Paru en 1973, le roman Sula donne à voir la vie d’Africains Américains sur quatre décennies, dans une localité perdue de l’Ohio, baptisée le Fond. L’histoire est celle de deux jeunes filles noires, unies par l’amour, mais aussi par un terrible secret, que rien ne semble devoir séparer. Il s’agit de Nel et de Sula, deux filles ensemble. Toutefois, la question de la sororité est abordée dans cette œuvre, non pas uniquement du point de vue de ces deux héroïnes, mais aussi de celles de toutes ces autres femmes, sœurs, mères, grand-mères, amies, qui sont obligées de vivre d’excipients dans un pays où l’esclavage ne semble pas être un simple souvenir.
Chronique d’une Amérique ségrégationniste
Le roman, s’il n’évoque que subrepticement les Blancs, et donne la part belle à la vie misérable que mènent les Noirs, met en réalité, en parallèle deux mondes que tout sépare. D’un côté, l’on a les gens de couleurs qui vivent dans le Fond, paradoxalement, un quartier juché sur des montages inhospitalières. De l’autre, l’on a les Blancs qui sont installés dans la riche vallée, et qui prospèrent bien entendu, pendant que les premiers sont réduits à espérer une maigre pitance de leur travail au service des seconds. Avec une plume d’une rare finesse, Toni Morrison décrit la violence qui caractérise la vie de ces descendants d’esclaves. Leur quotidien est rythmé par la misère, la folie, les excès de l’alcool et des drogues, la prostitution, les accidents et le meurtre. Il est tout de même frappant de noter qu’en dépit du sort qui paraît s’acharner, les protagonistes se donnent la main, essaient de se soutenir dans cette existence dans laquelle ils végètent. A l’image de Eva Peace, la grand-mère de Sula qui recueille dans sa maison un grand nombre d’enfants abandonnés.
La question de la sororité
Dans le Fond, la violence semble être le quotidien des habitants. La pauvreté aussi, bien entendu.

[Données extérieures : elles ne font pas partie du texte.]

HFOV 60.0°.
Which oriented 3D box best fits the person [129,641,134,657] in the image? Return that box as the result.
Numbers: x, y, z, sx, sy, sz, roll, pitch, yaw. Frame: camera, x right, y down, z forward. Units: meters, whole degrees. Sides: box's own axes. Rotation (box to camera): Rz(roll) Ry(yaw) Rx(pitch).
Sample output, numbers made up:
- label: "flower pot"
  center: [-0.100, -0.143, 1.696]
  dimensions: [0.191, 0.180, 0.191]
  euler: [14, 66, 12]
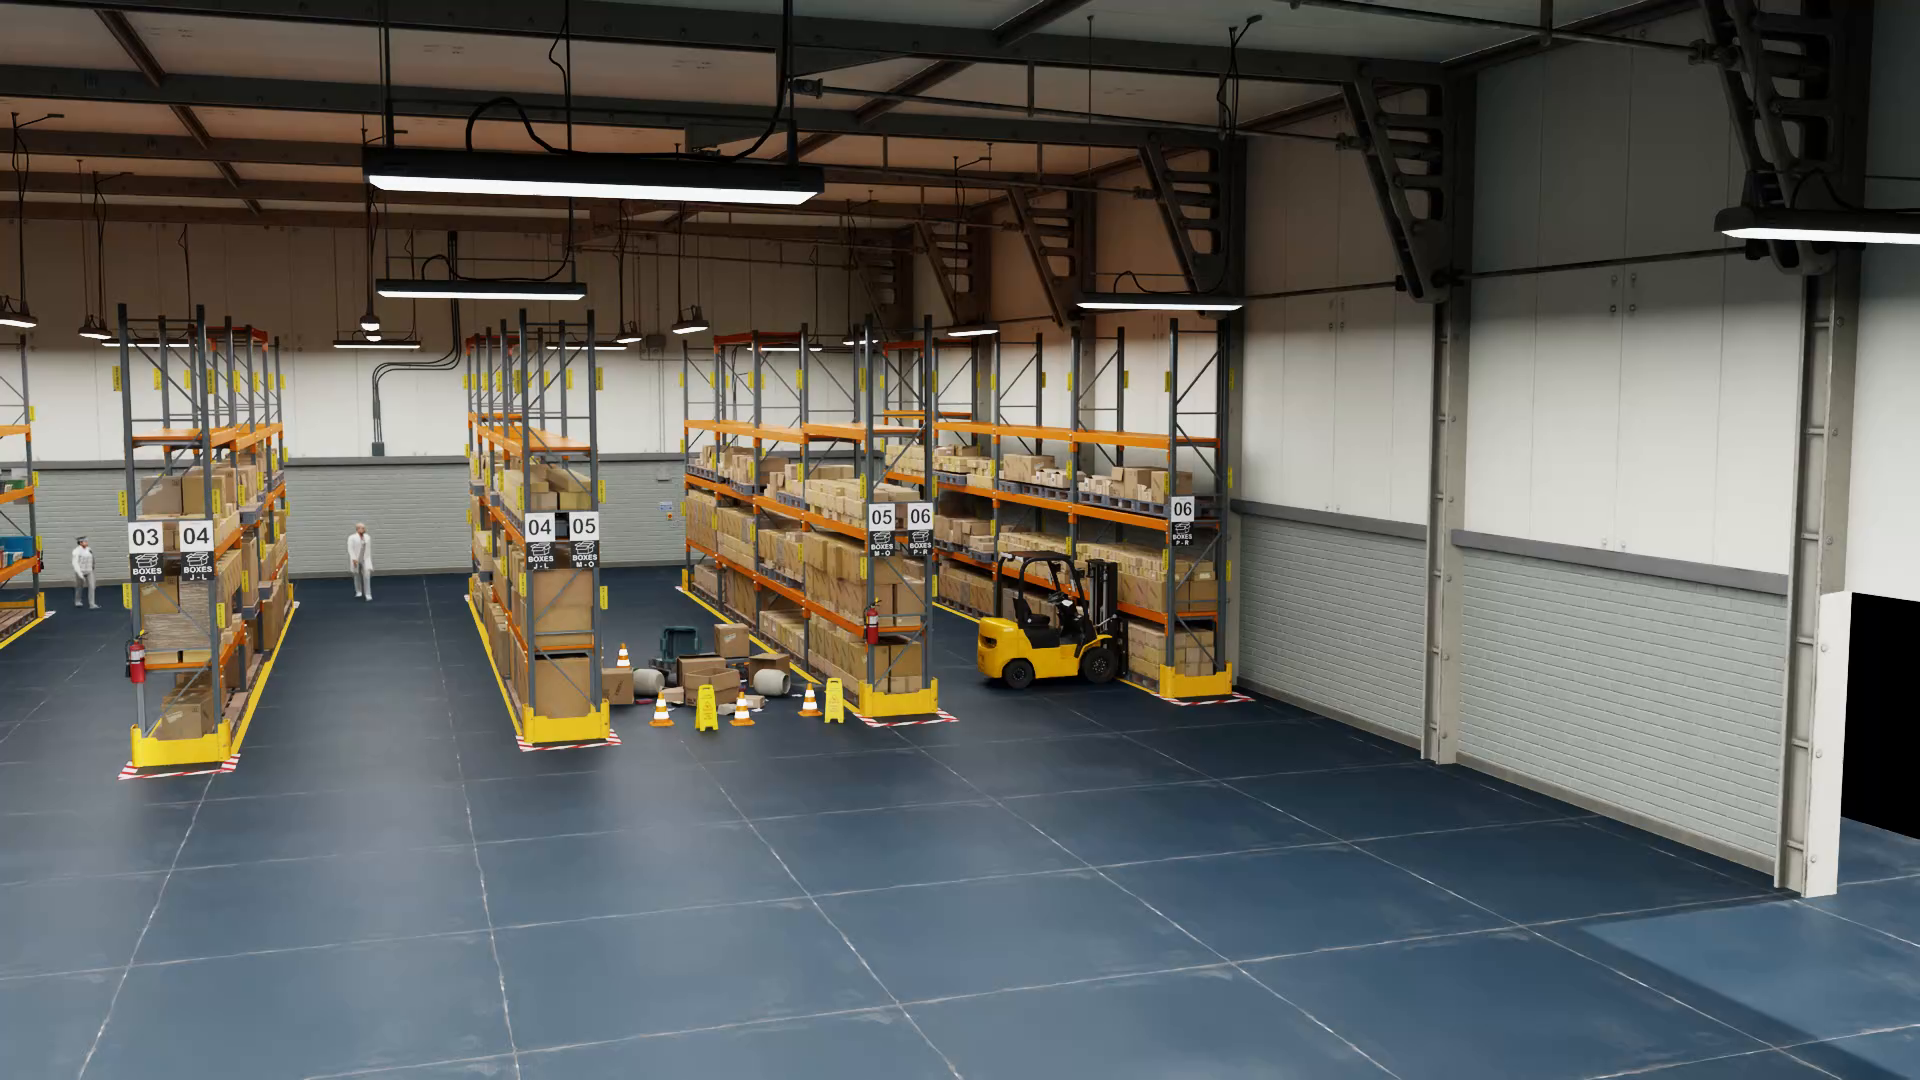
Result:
- label: "person"
  center: [-14.599, 1.401, 29.873]
  dimensions: [0.565, 1.585, 0.602]
  euler: [1, 6, 12]

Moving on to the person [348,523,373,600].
- label: "person"
  center: [-13.812, 0.484, 38.306]
  dimensions: [0.530, 1.730, 1.048]
  euler: [-2, 6, -22]

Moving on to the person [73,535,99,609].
- label: "person"
  center: [-19.344, 0.705, 36.690]
  dimensions: [0.449, 1.629, 0.959]
  euler: [-5, 7, -42]

Ils acceptent leur sort dans une forme de résignation, attendent que le mal passe, et reprennent leurs habitudes. Ici, deux éléments fondamentaux semblent jouer un rôle identique : il s’agit du feu et de l’eau qui ravagent les gens, lavent le mal, emportent les corps pour une renaissance toujours espérée. Morrison met en perspective deux personnages féminins opposés.

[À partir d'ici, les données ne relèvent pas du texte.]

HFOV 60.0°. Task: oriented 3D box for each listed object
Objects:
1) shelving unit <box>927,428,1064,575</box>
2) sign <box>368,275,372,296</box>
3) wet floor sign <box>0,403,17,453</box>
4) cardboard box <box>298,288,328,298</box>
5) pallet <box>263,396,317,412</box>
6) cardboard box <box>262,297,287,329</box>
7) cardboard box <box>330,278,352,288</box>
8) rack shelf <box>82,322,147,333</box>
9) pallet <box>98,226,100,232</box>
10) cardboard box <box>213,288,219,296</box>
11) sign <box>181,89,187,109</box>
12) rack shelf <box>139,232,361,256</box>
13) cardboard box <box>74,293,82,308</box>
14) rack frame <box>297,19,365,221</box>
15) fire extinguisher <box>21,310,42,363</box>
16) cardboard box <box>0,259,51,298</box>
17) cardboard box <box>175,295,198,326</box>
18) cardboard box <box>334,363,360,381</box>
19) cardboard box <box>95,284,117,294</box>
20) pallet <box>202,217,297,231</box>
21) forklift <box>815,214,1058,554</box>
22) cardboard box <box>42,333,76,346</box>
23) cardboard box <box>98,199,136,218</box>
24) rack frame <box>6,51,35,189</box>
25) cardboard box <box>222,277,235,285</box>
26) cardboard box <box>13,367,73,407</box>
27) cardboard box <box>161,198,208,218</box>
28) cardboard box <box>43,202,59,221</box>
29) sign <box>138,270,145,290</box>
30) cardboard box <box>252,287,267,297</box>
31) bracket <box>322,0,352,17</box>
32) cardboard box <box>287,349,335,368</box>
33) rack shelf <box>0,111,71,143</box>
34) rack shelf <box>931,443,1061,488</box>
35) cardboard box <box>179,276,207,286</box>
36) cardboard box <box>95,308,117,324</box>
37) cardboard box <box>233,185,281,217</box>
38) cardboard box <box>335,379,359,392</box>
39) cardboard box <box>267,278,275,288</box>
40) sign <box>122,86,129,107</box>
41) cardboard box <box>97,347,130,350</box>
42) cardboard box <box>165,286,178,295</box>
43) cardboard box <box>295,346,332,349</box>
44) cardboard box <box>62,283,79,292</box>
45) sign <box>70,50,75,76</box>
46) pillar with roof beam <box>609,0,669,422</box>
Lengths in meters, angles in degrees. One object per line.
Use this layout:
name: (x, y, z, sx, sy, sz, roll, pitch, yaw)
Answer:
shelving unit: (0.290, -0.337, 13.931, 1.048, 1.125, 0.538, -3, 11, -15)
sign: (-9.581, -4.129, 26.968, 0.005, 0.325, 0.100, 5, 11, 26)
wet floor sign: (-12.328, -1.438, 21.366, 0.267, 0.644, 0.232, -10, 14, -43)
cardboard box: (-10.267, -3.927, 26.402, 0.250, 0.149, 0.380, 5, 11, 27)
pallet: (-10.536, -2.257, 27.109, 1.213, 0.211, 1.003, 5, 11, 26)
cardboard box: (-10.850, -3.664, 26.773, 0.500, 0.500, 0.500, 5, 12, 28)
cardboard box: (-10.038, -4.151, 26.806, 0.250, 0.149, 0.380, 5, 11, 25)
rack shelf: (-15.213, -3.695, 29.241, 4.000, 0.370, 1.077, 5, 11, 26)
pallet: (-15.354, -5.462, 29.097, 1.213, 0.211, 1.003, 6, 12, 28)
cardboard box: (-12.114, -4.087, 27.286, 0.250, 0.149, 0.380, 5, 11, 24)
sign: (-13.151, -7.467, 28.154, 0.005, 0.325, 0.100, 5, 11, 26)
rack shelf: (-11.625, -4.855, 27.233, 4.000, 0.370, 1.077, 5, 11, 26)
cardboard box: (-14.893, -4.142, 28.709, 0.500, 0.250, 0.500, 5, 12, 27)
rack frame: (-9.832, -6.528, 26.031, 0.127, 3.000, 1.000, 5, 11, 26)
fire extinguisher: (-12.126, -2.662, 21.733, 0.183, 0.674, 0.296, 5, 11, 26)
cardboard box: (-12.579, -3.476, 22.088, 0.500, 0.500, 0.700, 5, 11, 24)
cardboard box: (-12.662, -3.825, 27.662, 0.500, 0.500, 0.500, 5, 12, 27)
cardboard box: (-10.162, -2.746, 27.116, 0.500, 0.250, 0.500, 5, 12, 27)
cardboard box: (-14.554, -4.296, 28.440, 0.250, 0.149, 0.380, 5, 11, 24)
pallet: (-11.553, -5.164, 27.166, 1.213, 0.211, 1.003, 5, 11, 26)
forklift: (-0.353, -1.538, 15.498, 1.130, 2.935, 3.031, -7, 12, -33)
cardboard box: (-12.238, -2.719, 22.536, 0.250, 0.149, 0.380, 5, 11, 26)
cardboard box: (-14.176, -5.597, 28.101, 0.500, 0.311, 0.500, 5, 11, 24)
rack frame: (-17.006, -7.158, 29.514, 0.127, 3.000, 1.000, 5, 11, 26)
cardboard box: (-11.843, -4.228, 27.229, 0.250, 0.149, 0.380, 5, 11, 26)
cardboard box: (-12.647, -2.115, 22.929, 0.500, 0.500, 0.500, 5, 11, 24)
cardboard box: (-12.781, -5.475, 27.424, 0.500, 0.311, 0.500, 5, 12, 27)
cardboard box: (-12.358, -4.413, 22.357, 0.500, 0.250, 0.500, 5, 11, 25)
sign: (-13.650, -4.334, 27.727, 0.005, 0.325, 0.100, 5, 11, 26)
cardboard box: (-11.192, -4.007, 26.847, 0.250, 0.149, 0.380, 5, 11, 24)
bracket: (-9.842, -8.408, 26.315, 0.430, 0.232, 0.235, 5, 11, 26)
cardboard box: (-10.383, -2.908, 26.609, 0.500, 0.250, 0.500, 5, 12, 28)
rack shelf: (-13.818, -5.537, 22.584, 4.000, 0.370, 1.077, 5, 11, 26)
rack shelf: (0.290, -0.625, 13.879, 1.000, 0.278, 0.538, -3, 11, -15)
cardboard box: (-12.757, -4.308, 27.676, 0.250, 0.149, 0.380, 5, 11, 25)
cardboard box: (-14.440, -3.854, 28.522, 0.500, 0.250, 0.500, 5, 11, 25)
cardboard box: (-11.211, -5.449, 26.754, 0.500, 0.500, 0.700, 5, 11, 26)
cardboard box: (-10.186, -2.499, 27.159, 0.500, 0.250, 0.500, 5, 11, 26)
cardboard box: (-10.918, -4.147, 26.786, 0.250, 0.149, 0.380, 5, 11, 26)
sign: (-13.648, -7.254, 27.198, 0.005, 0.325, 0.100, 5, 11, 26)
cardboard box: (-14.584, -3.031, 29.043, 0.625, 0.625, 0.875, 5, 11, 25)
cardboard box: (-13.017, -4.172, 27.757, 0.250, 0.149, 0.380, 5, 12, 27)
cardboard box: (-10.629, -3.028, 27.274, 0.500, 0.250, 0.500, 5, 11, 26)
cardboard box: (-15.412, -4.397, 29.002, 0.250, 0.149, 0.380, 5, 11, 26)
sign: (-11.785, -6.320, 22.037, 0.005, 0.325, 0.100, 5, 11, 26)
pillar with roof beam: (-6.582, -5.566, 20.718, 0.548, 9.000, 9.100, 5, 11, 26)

Nous avons Nel, la jeune femme régulièrement mariée suite à des noces mémorables, qui connaît les joies de la maternité. Puis nous avons la paria, celle qui a choisi la liberté, celle qui prend les hommes lorsque cela lui chante, celle qui n’a pas d’enfants. L’on se serait attendu à ce que la première mène une vie calme et heureuse, loin des tumultes, pendant que la seconde rencontre les pires malheurs. Dans un sens, le génie de l’autrice aura consisté à montrer que, sans préjudice de leurs choix de vie dans ce quartier noir, les femmes ne sont pas heureuses, ou du moins, elles n’ont que des bonheurs éphémères ou des ersatz de ravissement. Ainsi, Nel a l’air enchantée après son mariage, du moins paraît-elle apaisée d’une certaine manière. Mais cette tranquillité apparente est rompue quand elle découvre l’infidélité de son mari. De son côté, Sula vit au rythme qu’elle a choisi, mais elle a le malheur de tomber amoureuse, ce qui compromet à jamais sa sérénité. Les deux jeunes filles deviennent des ennemies, car l’une a trahit l’autre. Néanmoins, l’autrice semble avoir pris le parti de la sororité qui triomphe au-delà des embûches – les rivalités liées aux hommes, la maladie, la mort – qui parviennent un temps, mais seulement un temps, à avoir raison de la solidarité entre les femmes.
Le type de la prostituée scandaleuse
Le personnage de Sula n’est pas sans rappeler un type, celui de la courtisane avilie, magistralement créé par Emile Zola dans son roman Nana à la suite d’autres catins de luxe célèbres, telles que Marguerite (La dame aux camélias – Alexandre Dumas Fils), et Manon (Manon Lescaut – Abbé Prévost).

Tout comme ses consœurs de noces et de papier, Sula soulève les indignations des « gens bien », notamment des épouses cocufiées par son activité.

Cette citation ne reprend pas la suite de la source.